Starting today, you can generate short videos from text prompts in Tripplet. The feature is available to all Pro and Max users. Here's what it can do, what it can't do yet, and where we're taking it.
What's available today
Video generation supports durations from 2 to 10 seconds, aspect ratios of 16:9, 9:16, and 1:1, and motion styles including smooth, dynamic, and cinematic. You write a text prompt describing the scene and motion — "a mountain lake at sunset, slow zoom in, cinematic" — and receive an MP4 in approximately 15-30 seconds.

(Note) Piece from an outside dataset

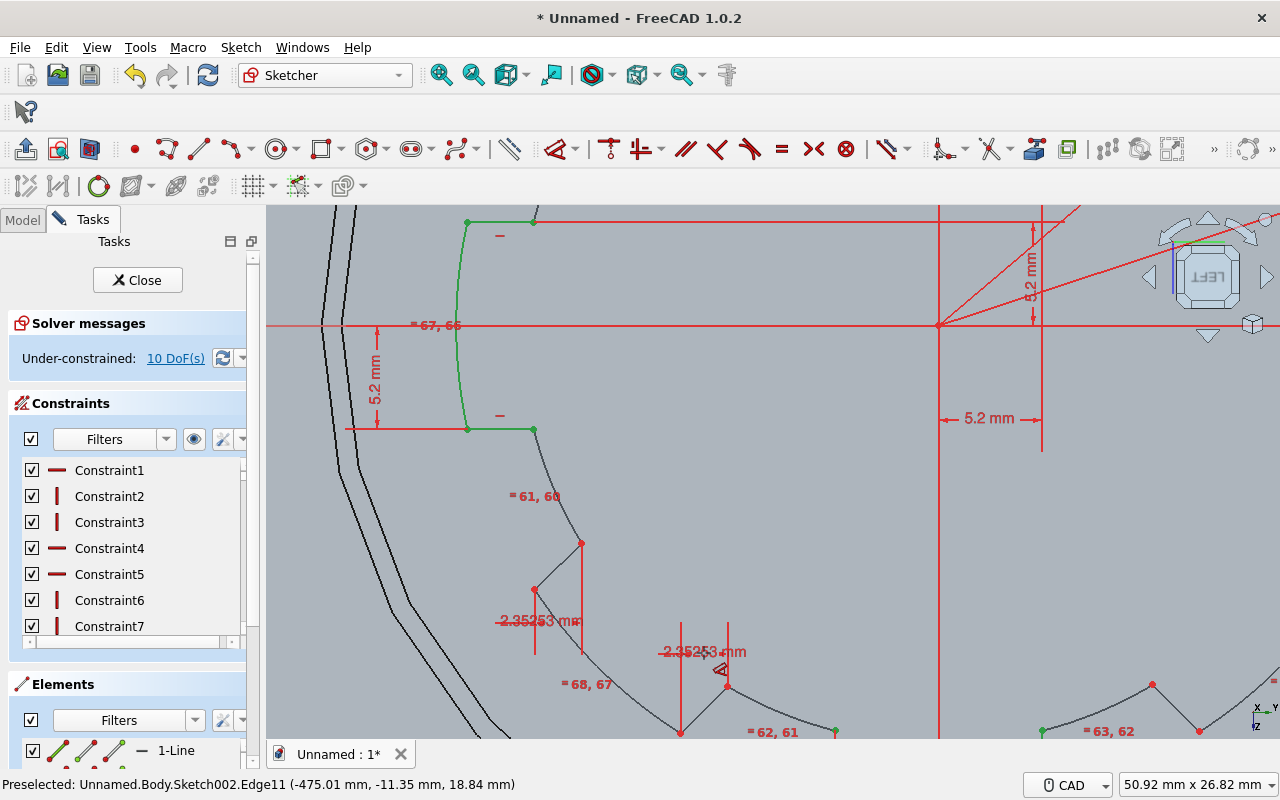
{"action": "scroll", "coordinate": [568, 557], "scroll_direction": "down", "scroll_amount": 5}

Like image generation, we run prompt enhancement through Suzhou 3.1 before passing to the generation model. This significantly improves output quality for vague or short prompts.
Current limitations
Video generation is compute-intensive, and at launch we're limiting each Pro user to 20 videos per day and Max users to unlimited. We expect to relax these limits as we scale infrastructure.

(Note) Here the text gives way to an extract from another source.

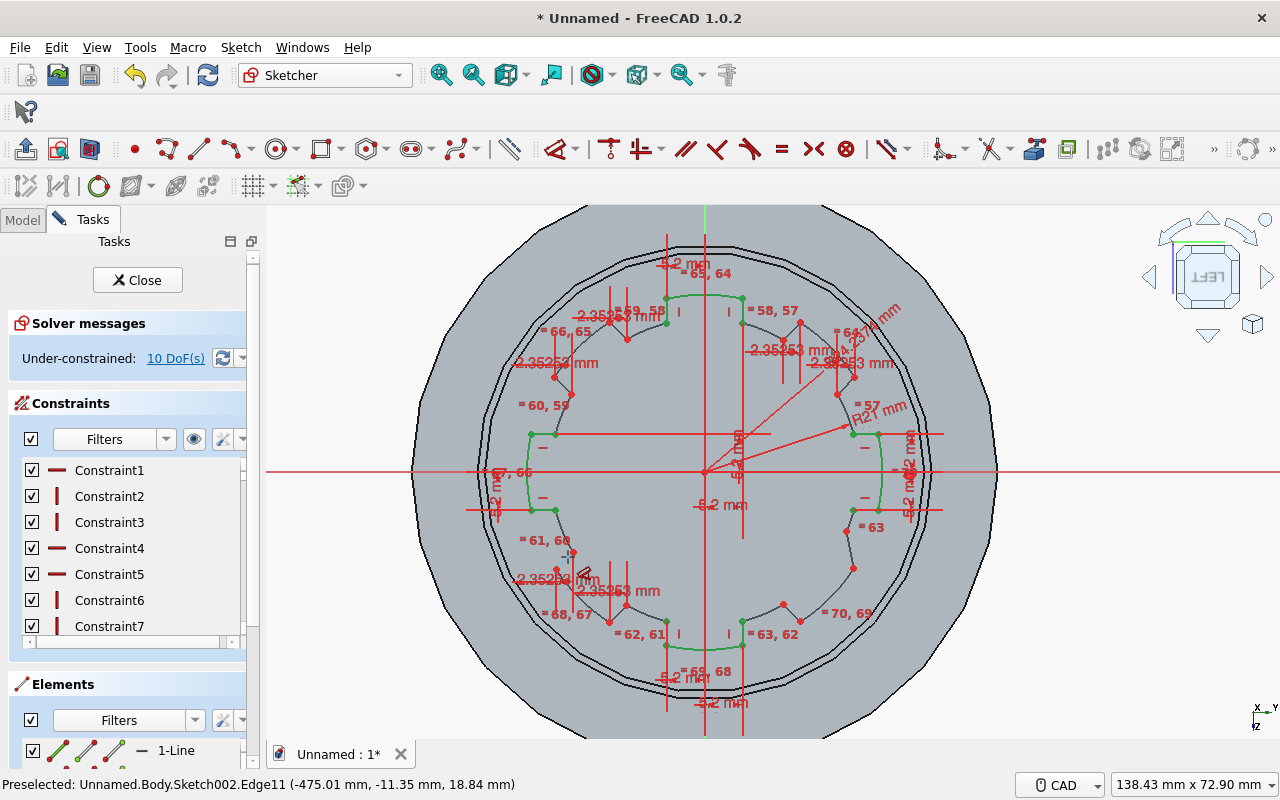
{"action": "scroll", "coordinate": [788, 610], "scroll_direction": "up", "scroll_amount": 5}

The current model handles simple scenes well but struggles with complex multi-object interactions, text within video, and accurate human faces. We're not hiding these limitations — the output you get reflects the state of the art. We'll improve it.
What's next
In the next 60 days, we're working on: longer durations (up to 30 seconds), video-to-video editing (upload a clip and describe a transformation), and image-to-video (animate a still image). We're also working on quality improvements to the base model.
Video generation is a space that's moving faster than any other modality right now. We're committed to staying at the frontier.